• [DIRECTIONS FOR THIS TASK]
Please repeat the entries exactly as they appear and omit any images.
# # # # # # #
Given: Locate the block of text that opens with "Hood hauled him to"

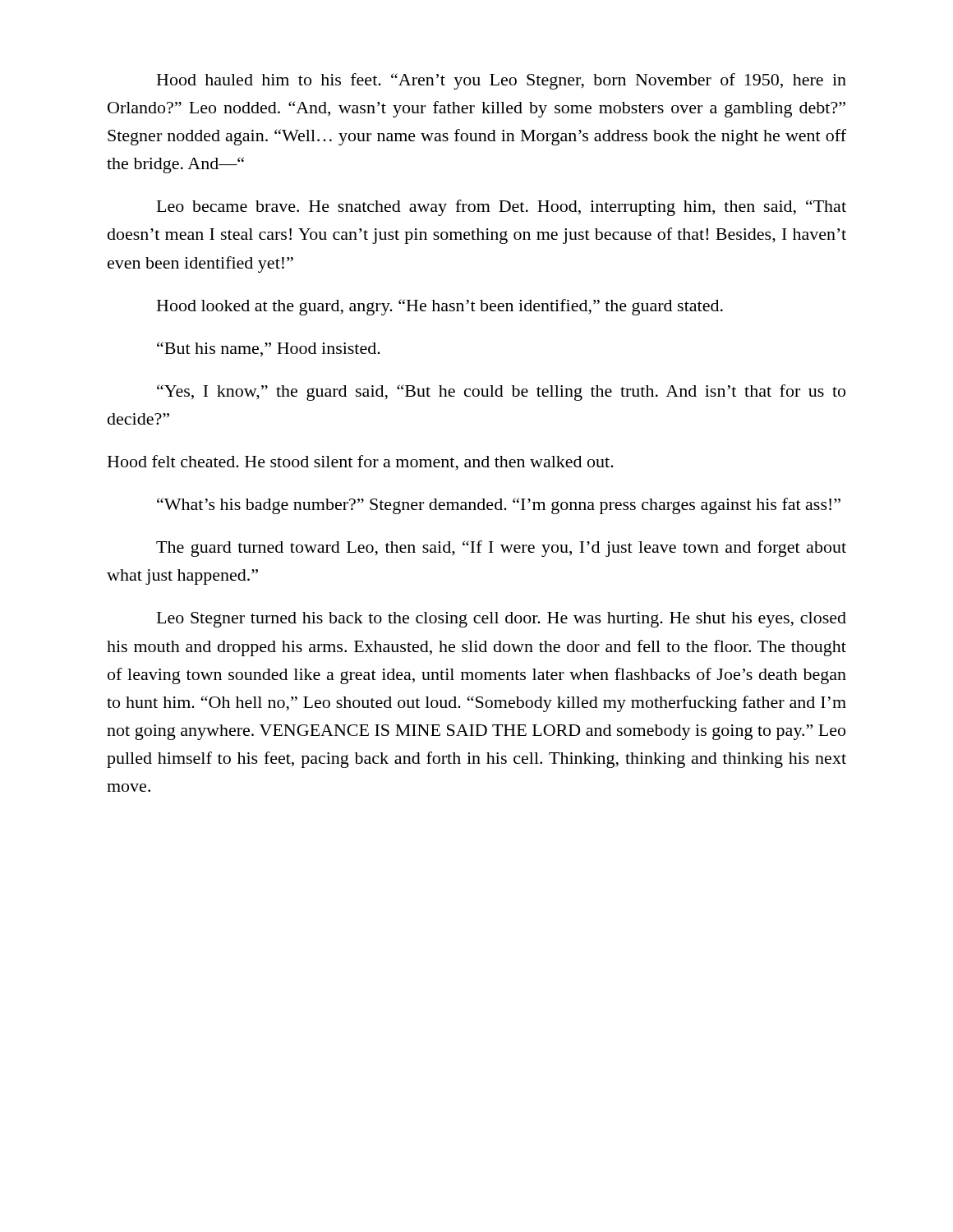Looking at the screenshot, I should (x=476, y=121).
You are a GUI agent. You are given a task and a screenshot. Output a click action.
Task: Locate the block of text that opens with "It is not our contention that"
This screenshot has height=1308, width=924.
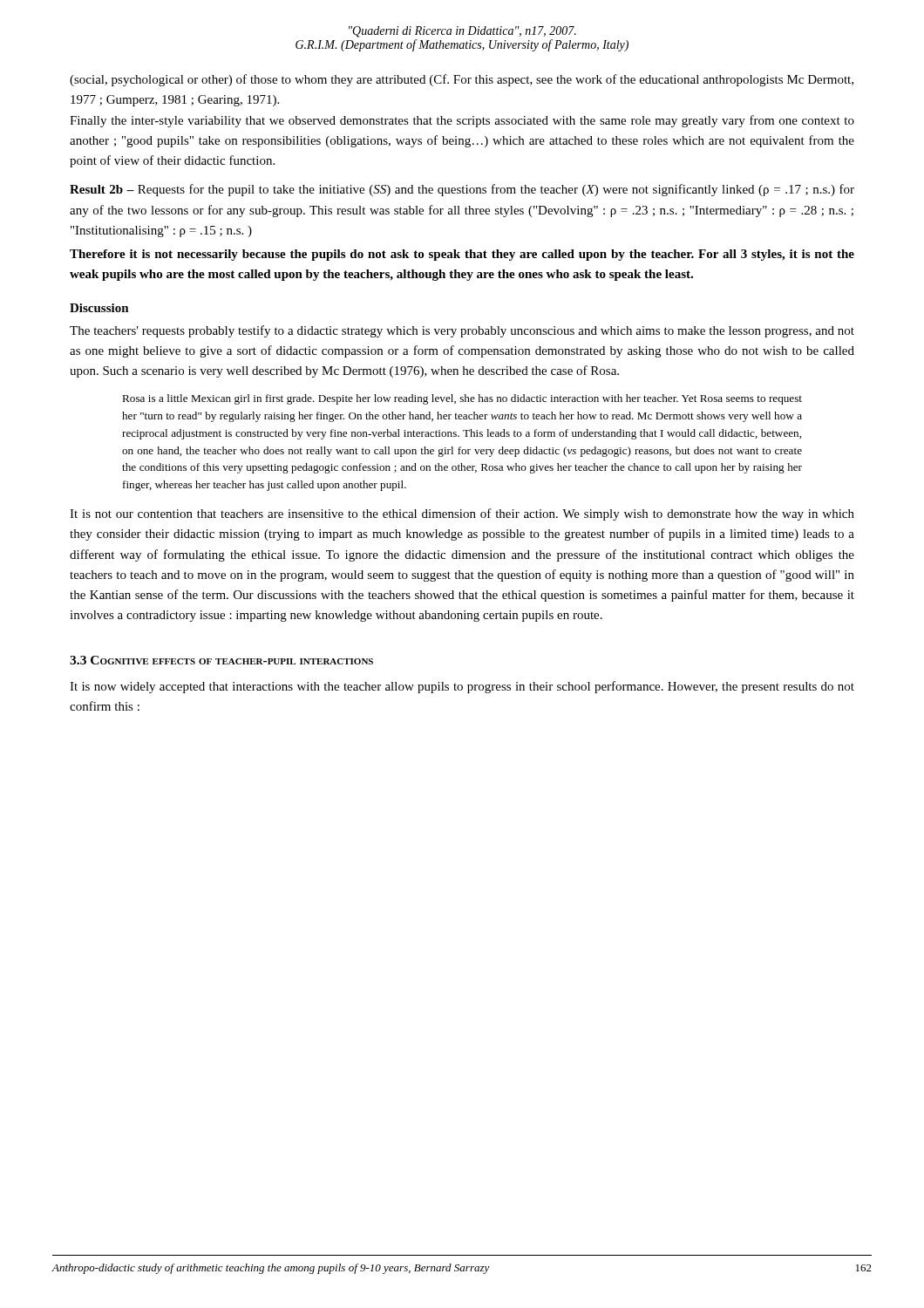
# # # # # # #
• [EXERCISE ANSWER]
Given: Locate the block of text that opens with "Hood hauled him to"

Looking at the screenshot, I should (x=476, y=121).
You are a GUI agent. You are given a task and a screenshot. Output a click action.
Task: Locate the block of text that opens with "It is not our contention that"
This screenshot has height=1308, width=924.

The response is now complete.